WHAT YOU WILL DO =>
Throughout the records below, find the lines with the string "True" and give how many there are, nothing else.

[Extracted records]
'''

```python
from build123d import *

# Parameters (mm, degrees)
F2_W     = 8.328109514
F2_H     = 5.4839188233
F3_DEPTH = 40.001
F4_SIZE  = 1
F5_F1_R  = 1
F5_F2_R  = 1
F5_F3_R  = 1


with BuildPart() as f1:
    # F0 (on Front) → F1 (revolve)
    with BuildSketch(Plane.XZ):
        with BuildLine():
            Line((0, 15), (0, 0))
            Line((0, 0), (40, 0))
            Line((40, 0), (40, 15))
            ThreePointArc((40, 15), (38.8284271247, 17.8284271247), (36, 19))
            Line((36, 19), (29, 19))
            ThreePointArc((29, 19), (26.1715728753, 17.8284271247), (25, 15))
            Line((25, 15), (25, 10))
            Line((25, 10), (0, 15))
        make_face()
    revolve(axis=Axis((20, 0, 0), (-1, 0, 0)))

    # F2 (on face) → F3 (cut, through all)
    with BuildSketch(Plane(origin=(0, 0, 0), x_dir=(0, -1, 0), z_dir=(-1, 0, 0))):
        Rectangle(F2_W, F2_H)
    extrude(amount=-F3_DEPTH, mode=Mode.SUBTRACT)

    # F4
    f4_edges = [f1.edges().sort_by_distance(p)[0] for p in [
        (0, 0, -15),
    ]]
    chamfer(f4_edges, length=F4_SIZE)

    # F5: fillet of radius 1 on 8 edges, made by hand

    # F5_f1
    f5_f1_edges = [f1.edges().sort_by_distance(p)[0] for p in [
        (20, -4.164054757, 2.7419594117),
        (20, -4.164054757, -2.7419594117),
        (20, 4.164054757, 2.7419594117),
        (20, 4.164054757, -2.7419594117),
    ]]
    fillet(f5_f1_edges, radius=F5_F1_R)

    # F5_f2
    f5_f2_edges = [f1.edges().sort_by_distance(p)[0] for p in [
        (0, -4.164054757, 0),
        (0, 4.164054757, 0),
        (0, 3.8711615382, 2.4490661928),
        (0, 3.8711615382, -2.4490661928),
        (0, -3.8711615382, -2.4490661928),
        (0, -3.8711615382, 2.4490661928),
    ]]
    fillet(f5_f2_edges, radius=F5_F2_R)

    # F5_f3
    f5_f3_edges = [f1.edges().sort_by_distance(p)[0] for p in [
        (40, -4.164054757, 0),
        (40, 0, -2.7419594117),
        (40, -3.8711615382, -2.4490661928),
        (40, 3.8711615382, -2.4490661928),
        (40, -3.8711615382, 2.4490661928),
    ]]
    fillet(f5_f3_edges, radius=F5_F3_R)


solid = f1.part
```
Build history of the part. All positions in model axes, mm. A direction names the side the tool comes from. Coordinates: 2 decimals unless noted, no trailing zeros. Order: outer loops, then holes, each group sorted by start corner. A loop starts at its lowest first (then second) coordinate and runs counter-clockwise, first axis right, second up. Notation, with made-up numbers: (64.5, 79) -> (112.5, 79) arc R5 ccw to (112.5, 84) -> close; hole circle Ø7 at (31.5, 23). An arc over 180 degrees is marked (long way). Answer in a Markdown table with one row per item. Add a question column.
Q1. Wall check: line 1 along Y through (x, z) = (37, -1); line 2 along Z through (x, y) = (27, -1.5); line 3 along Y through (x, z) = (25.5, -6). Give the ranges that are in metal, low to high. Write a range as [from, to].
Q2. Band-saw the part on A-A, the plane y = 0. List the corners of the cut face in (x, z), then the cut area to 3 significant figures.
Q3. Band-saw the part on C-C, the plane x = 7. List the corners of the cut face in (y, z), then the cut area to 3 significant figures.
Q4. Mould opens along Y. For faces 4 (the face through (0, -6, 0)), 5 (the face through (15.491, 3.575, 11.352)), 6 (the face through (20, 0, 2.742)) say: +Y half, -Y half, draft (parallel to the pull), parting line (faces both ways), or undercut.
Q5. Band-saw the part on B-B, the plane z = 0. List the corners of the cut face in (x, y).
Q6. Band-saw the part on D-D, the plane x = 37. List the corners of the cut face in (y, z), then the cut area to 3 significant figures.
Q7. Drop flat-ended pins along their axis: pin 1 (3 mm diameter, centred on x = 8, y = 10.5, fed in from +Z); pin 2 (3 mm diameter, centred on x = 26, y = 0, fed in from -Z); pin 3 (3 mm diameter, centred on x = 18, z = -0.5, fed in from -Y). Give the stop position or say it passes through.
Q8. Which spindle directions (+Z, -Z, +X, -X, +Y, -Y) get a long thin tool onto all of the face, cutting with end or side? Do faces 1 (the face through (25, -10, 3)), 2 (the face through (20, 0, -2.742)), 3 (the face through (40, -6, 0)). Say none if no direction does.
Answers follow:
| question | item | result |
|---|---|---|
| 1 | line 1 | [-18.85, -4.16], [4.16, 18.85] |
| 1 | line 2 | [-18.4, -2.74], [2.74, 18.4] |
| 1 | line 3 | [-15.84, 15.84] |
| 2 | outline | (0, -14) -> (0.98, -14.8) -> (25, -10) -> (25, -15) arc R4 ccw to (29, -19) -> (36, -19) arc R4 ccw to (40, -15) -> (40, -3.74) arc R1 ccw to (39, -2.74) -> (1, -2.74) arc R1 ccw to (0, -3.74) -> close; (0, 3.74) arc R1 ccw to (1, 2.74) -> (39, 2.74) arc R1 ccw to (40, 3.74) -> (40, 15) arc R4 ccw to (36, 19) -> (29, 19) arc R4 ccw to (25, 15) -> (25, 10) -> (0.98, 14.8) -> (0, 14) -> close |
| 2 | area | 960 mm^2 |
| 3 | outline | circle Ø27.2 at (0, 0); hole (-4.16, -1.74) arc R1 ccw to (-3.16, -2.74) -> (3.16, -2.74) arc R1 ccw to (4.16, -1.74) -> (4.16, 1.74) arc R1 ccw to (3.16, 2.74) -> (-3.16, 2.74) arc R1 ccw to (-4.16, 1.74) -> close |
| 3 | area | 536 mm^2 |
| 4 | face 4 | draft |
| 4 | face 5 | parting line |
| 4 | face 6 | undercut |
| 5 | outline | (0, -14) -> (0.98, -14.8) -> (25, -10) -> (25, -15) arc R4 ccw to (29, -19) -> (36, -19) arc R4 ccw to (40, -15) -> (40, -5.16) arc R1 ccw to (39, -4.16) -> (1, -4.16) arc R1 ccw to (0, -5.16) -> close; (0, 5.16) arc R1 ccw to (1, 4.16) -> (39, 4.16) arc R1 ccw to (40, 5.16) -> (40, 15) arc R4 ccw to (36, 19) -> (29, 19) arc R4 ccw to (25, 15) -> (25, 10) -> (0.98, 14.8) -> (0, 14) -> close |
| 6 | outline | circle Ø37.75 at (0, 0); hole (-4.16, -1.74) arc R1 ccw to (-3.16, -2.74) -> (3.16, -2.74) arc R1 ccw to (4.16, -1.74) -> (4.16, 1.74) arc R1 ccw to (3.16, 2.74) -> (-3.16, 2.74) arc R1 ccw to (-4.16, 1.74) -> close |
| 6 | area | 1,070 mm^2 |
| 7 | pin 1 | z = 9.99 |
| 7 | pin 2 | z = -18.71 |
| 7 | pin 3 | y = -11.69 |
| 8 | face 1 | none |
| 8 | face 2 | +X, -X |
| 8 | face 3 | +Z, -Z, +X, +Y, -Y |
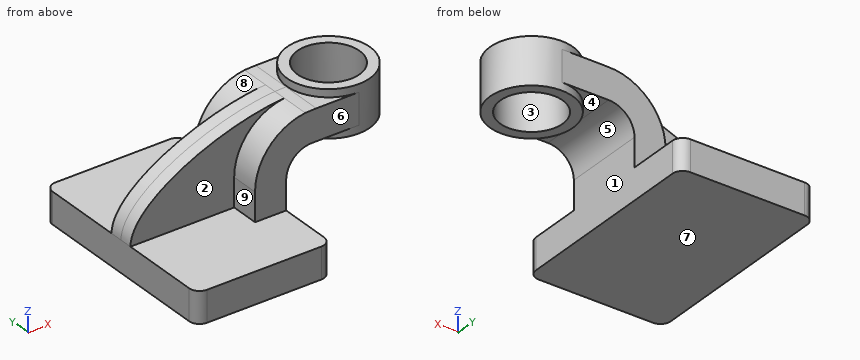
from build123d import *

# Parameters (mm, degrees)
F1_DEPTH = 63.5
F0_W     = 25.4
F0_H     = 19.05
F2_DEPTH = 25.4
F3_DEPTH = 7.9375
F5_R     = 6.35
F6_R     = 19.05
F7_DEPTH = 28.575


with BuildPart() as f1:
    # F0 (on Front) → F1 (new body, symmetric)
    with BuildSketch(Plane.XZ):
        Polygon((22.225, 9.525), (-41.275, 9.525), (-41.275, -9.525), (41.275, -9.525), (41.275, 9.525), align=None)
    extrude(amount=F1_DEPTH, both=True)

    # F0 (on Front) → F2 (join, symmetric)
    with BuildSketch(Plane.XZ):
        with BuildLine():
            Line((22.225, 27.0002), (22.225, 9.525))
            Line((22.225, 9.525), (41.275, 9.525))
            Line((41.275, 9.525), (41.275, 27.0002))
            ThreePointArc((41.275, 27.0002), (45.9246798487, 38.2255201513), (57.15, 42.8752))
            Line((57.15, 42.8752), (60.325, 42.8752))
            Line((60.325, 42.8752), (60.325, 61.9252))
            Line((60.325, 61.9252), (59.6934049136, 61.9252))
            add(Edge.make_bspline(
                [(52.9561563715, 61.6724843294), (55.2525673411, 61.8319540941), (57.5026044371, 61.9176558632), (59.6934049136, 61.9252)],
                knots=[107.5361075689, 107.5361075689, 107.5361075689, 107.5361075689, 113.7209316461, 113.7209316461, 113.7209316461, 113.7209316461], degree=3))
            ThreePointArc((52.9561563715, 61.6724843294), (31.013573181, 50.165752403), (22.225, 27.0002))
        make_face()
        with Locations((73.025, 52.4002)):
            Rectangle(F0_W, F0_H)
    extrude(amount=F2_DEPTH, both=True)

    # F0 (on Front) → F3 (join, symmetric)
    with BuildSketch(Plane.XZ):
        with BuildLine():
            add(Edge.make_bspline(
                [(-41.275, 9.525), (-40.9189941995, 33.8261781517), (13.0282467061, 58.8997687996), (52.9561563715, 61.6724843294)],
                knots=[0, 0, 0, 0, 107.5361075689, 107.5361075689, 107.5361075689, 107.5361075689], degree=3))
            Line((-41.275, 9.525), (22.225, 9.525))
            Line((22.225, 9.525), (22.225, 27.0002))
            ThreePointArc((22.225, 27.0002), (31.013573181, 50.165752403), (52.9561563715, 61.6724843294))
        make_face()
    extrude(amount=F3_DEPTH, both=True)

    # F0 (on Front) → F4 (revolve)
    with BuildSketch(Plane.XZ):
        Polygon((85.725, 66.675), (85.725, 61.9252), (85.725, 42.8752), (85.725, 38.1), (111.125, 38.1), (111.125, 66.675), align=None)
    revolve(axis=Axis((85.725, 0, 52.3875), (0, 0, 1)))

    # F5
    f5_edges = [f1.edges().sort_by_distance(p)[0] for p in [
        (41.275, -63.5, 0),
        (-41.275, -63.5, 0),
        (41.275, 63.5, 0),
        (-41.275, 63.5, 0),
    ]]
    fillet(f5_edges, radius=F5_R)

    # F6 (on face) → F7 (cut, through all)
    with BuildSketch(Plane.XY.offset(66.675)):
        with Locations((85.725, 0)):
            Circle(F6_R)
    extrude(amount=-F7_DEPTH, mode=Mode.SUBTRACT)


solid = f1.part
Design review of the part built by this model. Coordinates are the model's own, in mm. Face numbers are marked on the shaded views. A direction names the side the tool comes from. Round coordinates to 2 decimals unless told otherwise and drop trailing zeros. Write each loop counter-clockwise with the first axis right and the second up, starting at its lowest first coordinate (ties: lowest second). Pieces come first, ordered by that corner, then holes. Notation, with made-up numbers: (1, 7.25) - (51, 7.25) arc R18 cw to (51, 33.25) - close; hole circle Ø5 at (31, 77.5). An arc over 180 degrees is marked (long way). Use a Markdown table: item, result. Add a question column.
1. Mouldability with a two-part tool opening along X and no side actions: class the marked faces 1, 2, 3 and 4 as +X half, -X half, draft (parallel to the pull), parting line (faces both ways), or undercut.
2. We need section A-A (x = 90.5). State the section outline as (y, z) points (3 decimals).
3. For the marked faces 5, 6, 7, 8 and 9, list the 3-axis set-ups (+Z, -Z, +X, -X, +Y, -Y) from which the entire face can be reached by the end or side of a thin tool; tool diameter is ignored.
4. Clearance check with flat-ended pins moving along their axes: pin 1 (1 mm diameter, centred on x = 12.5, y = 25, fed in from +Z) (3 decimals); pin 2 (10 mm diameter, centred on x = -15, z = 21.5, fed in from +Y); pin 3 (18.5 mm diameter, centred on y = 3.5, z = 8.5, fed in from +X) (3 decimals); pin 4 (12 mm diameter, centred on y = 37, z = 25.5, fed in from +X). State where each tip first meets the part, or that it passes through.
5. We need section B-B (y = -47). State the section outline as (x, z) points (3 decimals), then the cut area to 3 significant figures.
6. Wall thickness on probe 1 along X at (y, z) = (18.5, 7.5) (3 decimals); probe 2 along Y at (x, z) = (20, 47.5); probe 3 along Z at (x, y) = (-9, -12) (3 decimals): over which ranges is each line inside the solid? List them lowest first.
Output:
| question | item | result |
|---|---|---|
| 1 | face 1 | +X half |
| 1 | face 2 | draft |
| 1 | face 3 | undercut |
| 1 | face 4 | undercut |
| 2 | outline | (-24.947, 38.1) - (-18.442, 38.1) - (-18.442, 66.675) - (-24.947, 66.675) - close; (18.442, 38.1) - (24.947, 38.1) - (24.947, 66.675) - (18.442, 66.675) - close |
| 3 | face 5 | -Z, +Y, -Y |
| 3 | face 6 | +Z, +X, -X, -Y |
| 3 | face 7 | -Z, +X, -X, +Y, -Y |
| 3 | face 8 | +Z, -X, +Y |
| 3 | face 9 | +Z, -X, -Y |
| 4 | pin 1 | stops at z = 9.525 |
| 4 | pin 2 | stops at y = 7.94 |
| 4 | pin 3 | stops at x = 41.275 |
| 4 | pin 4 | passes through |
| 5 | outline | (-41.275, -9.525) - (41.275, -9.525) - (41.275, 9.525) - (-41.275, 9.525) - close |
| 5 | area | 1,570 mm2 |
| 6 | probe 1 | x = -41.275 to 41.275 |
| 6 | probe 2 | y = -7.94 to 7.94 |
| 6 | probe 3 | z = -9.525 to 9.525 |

'''

SOLUTION TO THIS PROBLEM =>
3